Miraash Imthiyaz

Personal information
- Full name: Mohamed Miraash Imthiyaz
- Date of birth: 11 October 1999 (age 26)
- Place of birth: Maldives
- Height: 1.75 m (5 ft 9 in)
- Position: Winger

Team information
- Current team: CD Montcada

Youth career
- Early Touch Football Academy
- UE Cornellà

Senior career*
- Years: Team / Apps / (Gls)
- 2018–2020: CF Mollet UE / 24 / (2)
- 2020–2021: CF Parets / 16 / (2)
- 2021–2023: UE Rubí / 46 / (6)
- 2023–2025: Unificación Llefià CF
- 2025–: CD Montcada / 12 / (0)

International career^{‡}
- 2022: Maldives / 1 / (0)

= Miraash Imthiyaz =

Maldivian footballer (born 1999)

Mohamed Miraash Imthiyaz (މިރާޝް; born 11 October 1999) is a Maldivian professional footballer who plays as a winger for CD Montcada.

==Early life==
Imthiyaz was born on 11 October 1999 in the Maldives. Born to a pilot father, he is the older brother of Maldivian footballer Ibrahim Aayan Imthiyaz. A native of Malé, Maldives, he has been nicknamed "Ash".

==Club career==
As a youth player, Imthitaz joined the youth academy of Maldivian side Early Touch Football Academy. Following his stint there, he joined the youth academy of Spanish side UE Cornellà. During the summer of 2018, he signed for Spanish side CF Mollet UE, where he made twenty-four league appearances and scored two goals and helped the club achieve promotion from the sixth tier to the fifth tier.

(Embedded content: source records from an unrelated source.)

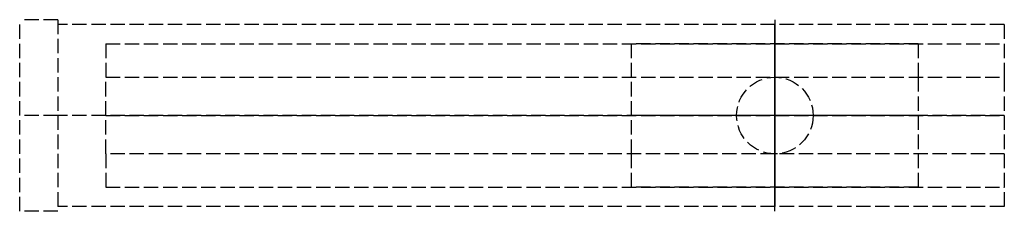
# Model space of a CAD drawing. Header units: millimetres. Extents: x -79 to 24, y -10 to 10.
import ezdxf

# ---------------------------------------------------------------- set-up
doc = ezdxf.new("R2010")
doc.units = ezdxf.units.MM
doc.header["$LTSCALE"] = 10
doc.linetypes.add('ALLCAD_Strich', pattern=[0.2, 0.15, -0.05])
for name, color, linetype in [('BESCH_KONT_sich_schn_ansi_2d', 40, 'Continuous'), ('BESCH_KONT_sich_schn_grun_2d', 10, 'Continuous'), ('BESCH_KONT_sich_schn_seit_2d', 160, 'Continuous')]:
    doc.layers.add(name, color=color, linetype=linetype)

msp = doc.modelspace()

# ---------------------------------------------------------------- linework, layer by layer
at = {"layer": 'BESCH_KONT_sich_schn_ansi_2d', "linetype": 'ALLCAD_Strich'}
for p, q in [((-75, 0, -29.5), (-79, 0, -29.5)), ((-75, 0, 0.5), (-79, 0, 0.5)), ((-79, 0, -29.5), (-79, 0, 0.5)), ((24, 0), (-75, 0)), ((24, 0, -23), (-75, 0, -23)), ((-75, 0, 0.5), (-75, 0, -29.5)), ((-70, 0, -2), (23.98, 0, -2)), ((-70, 0, -2), (-70, 0)), ((-70, 0, -2), (-70, 0, -18)), ((-70, 0, -18), (24, 0, -18)), ((15, 0, -2), (-15, 0, -2)), ((-15, 0, -10), (-15, 0, -2)), ((15, 0, -10), (-15, 0, -10)), ((4, 0, 38), (-4, 0, 38)), ((-4, 0), (-4, 0, 38)), ((-4, 0, -2), (-4, 0)), ((4, 0), (4, 0, 38)), ((4, 0, -2), (4, 0)), ((15, 0, -2), (15, 0, -10)), ((23.98, 0, -2), (24, 0, -2)), ((23.98, 0, -2), (23.98, 0, -2)), ((23.98, 0, -2), (23.98, 0, -2)), ((23.98, 0, -2), (23.98, 0, -2)), ((23.98, 0, -2), (23.98, 0, -2)), ((23.98, 0, -2), (23.98, 0, -2)), ((23.98, 0, -2), (23.98, 0, -2)), ((23.98, 0, -2), (23.98, 0, -2)), ((23.99, 0, -2), (23.98, 0, -2)), ((23.98, 0, -2), (23.98, 0, -2)), ((23.98, 0, -2), (23.98, 0, -2)), ((23.98, 0, -2), (23.98, 0, -2)), ((23.98, 0, -2), (23.98, 0, -2)), ((23.98, 0, -2), (23.98, 0, -2)), ((23.99, 0, -2), (23.99, 0, -2)), ((23.99, 0, -2), (23.99, 0, -2)), ((23.99, 0, -2), (23.99, 0, -2)), ((23.99, 0, -2), (23.99, 0, -2)), ((23.99, 0, -2), (23.99, 0, -2)), ((23.99, 0, -2), (23.99, 0, -2)), ((23.99, 0, -2), (23.99, 0, -2)), ((23.99, 0, -2), (23.99, 0, -2)), ((23.99, 0, -2), (23.99, 0, -2)), ((23.99, 0, -2), (23.99, 0, -2)), ((23.99, 0, -2), (23.99, 0, -2)), ((23.99, 0, -2), (24, 0, -2)), ((23.99, 0, -2), (23.99, 0, -2)), ((24, 0), (24, 0, -23)), ((24, 0, -2), (24, 0, -2)), ((24, 0, -2), (24, 0, -2)), ((24, 0, -2), (24, 0, -2)), ((24, 0, -2), (24, 0, -2)), ((24, 0, -2), (24, 0, -2)), ((24, 0, -2), (24, 0, -2)), ((24, 0, -2), (24, 0, -2)), ((24, 0, -2), (24, 0, -2)), ((24, 0, -2), (24, 0, -2)), ((24, 0, -2), (24, 0, -2)), ((24, 0, -2), (24, 0, -2)), ((24, 0, -2), (24, 0, -2))]:
    msp.add_line(p, q, dxfattribs=at)
at = {"layer": 'BESCH_KONT_sich_schn_grun_2d', "linetype": 'ALLCAD_Strich'}
for p, q in [((-75, 10, -29.5), (-79, 10, -29.5)), ((-79, -10, -29.5), (-79, 10, -29.5)), ((-75, 10, -29.5), (-75, -10, -29.5)), ((24, 9.5, -29.5), (-75, 9.5, -29.5)), ((24, 9.5, -29.5), (24, 4, -29.5)), ((-70, 7.5, -29.5), (-70, 4, -29.5)), ((-70, 7.5, -29.5), (24, 7.5, -29.5)), ((15, 7.5, -29.5), (-15, 7.5, -29.5)), ((-15, 4, -29.5), (-15, 7.5, -29.5)), ((15, 7.5, -29.5), (15, 4, -29.5)), ((-70, 4, -29.5), (24, 4, -29.5)), ((-70, -4, -29.5), (-70, 4, -29.5)), ((-15, -4, -29.5), (-15, 4, -29.5)), ((15, 4, -29.5), (15, -4, -29.5)), ((24, 4, -29.5), (24, -4, -29.5)), ((24, -4, -29.5), (-70, -4, -29.5)), ((-70, -4, -29.5), (-70, -7.5, -29.5)), ((-15, -7.5, -29.5), (-15, -4, -29.5)), ((15, -4, -29.5), (15, -7.5, -29.5)), ((24, -4, -29.5), (24, -9.5, -29.5)), ((-70, -7.5, -29.5), (23.98, -7.5, -29.5)), ((15, -7.5, -29.5), (-15, -7.5, -29.5)), ((23.98, -7.49, -29.5), (23.98, -7.49, -29.5)), ((23.98, -7.49, -29.5), (23.98, -7.5, -29.5)), ((23.98, -7.5, -29.5), (23.98, -7.49, -29.5)), ((23.98, -7.49, -29.5), (23.98, -7.49, -29.5)), ((23.98, -7.49, -29.5), (23.98, -7.5, -29.5)), ((23.98, -7.5, -29.5), (24, -7.5, -29.5)), ((23.98, -7.5, -29.5), (23.98, -7.5, -29.5)), ((23.98, -7.5, -29.5), (23.98, -7.5, -29.5)), ((23.99, -7.49, -29.5), (23.99, -7.49, -29.5)), ((23.99, -7.5, -29.5), (23.99, -7.49, -29.5)), ((23.99, -7.49, -29.5), (23.99, -7.5, -29.5)), ((23.99, -7.49, -29.5), (23.99, -7.5, -29.5)), ((23.99, -7.49, -29.5), (23.99, -7.49, -29.5)), ((23.99, -7.49, -29.5), (23.99, -7.49, -29.5)), ((23.99, -7.49, -29.5), (23.99, -7.5, -29.5)), ((23.99, -7.5, -29.5), (23.99, -7.49, -29.5)), ((23.99, -7.5, -29.5), (23.99, -7.5, -29.5)), ((23.99, -7.5, -29.5), (23.99, -7.5, -29.5)), ((23.99, -7.5, -29.5), (23.99, -7.5, -29.5)), ((23.99, -7.5, -29.5), (23.99, -7.5, -29.5)), ((24, -7.49, -29.5), (24, -7.49, -29.5)), ((24, -7.5, -29.5), (24, -7.49, -29.5)), ((24, -7.49, -29.5), (24, -7.49, -29.5)), ((24, -7.49, -29.5), (24, -7.5, -29.5)), ((24, -7.5, -29.5), (24, -7.5, -29.5)), ((24, -7.5, -29.5), (24, -7.5, -29.5)), ((24, -7.5, -29.5), (24, -7.5, -29.5)), ((-75, -10, -29.5), (-79, -10, -29.5)), ((24, -9.5, -29.5), (-75, -9.5, -29.5))]:
    msp.add_line(p, q, dxfattribs=at)
msp.add_circle((0, 0, -29.5), 4, dxfattribs=at)
for centre, radius, start, end in [((23.98, -7.49, -29.5), 0.00271, 360, 90), ((23.98, -7.49, -29.5), 0.00271, 90, 180), ((23.98, -7.49, -29.5), 0.00116, 90, 180), ((23.98, -7.49, -29.5), 0.00116, 0, 90), ((23.98, -7.5, -29.5), 0.00271, 270, 0), ((23.98, -7.5, -29.5), 0.00271, 180, 270), ((23.98, -7.5, -29.5), 0.00116, 180, 270), ((23.98, -7.5, -29.5), 0.00116, 270, 360), ((23.99, -7.49, -29.5), 0.00217, 90, 180), ((23.99, -7.49, -29.5), 0.00093, 180, 270), ((23.99, -7.49, -29.5), 0.00093, 90, 180), ((24, -7.49, -29.5), 0.00271, 90, 180), ((23.99, -7.5, -29.5), 0.00217, 180, 270), ((24, -7.5, -29.5), 0.00271, 180, 270), ((24, -7.49, -29.5), 0.00271, 360, 90), ((24, -7.49, -29.5), 0.00116, 90, 180), ((24, -7.49, -29.5), 0.00116, 0, 90), ((24, -7.5, -29.5), 0.00116, 180, 270), ((24, -7.5, -29.5), 0.00116, 270, 360), ((24, -7.5, -29.5), 0.00271, 270, 0)]:
    msp.add_arc(centre, radius, start, end, dxfattribs=at)
at = {"layer": 'BESCH_KONT_sich_schn_seit_2d', "linetype": 'ALLCAD_Strich'}
for p, q in [((0, 10, -29.5), (0, -10, -29.5)), ((0, 10, 0.5), (0, 10, -29.5)), ((0, -10, 0.5), (0, 10, 0.5)), ((0, -9.5), (0, 9.5)), ((0, 9.5, -23), (0, -9.5, -23)), ((0, 9.5), (0, 9.5, -23)), ((0, -7.5, -18), (0, 7.5, -18)), ((0, 7.5, -18), (0, 7.5, -2)), ((0, 7.5, -2), (0, 4, -2)), ((0, 7.5, -10), (0, -7.5, -10)), ((0, -4, 38), (0, 4, 38)), ((0, 4, 0.5), (0, 4, 38)), ((0, 4, -2), (0, 4)), ((0, -4, -2), (0, 4, -2)), ((0, 4), (0, 4, 0.5)), ((0, -4, 0.5), (0, -4, 38)), ((0, -4, -2), (0, -7.5, -2)), ((0, -4, -2), (0, -4)), ((0, -4), (0, -4, 0.5)), ((0, -7.49, -2), (0, -7.49, -2)), ((0, -7.49, -2), (0, -7.49, -2)), ((0, -7.49, -2), (0, -7.49, -2)), ((0, -7.49, -2), (0, -7.49, -2)), ((0, -7.49, -2), (0, -7.49, -2)), ((0, -7.49, -2), (0, -7.49, -2)), ((0, -7.49, -2), (0, -7.49, -2)), ((0, -7.5, -2), (0, -7.49, -2)), ((0, -7.49, -2), (0, -7.49, -2)), ((0, -7.49, -2), (0, -7.49, -2)), ((0, -7.5, -2), (0, -7.5, -2)), ((0, -7.5, -2), (0, -7.5, -2)), ((0, -7.5, -2), (0, -7.5, -2)), ((0, -7.5, -2), (0, -7.5, -2)), ((0, -7.5, -2), (0, -7.5, -2)), ((0, -7.5, -2), (0, -7.5, -2)), ((0, -7.5, -2), (0, -7.5, -2)), ((0, -7.5, -2), (0, -7.5, -18)), ((0, -9.5, -23), (0, -9.5)), ((0, -10, -29.5), (0, -10, 0.5))]:
    msp.add_line(p, q, dxfattribs=at)

doc.saveas('drawing.dxf')

Two years later, he signed for Spanish side CF Parets, where he made sixteen league appearances and scored two goals. One year later, he signed for Spanish side UE Rubí, where he made forty-six league appearances and scored six goals. Subsequently, he signed for Spanish side Unificación Llefià CF in 2023. Ahead of the 2025–26 season, he signed for Spanish side CD Montcada.

==International career==
Imthiyaz is a Maldives international. On 17 December 2022, he debuted for the Maldives during a 1–3 away friendly loss to Singapore.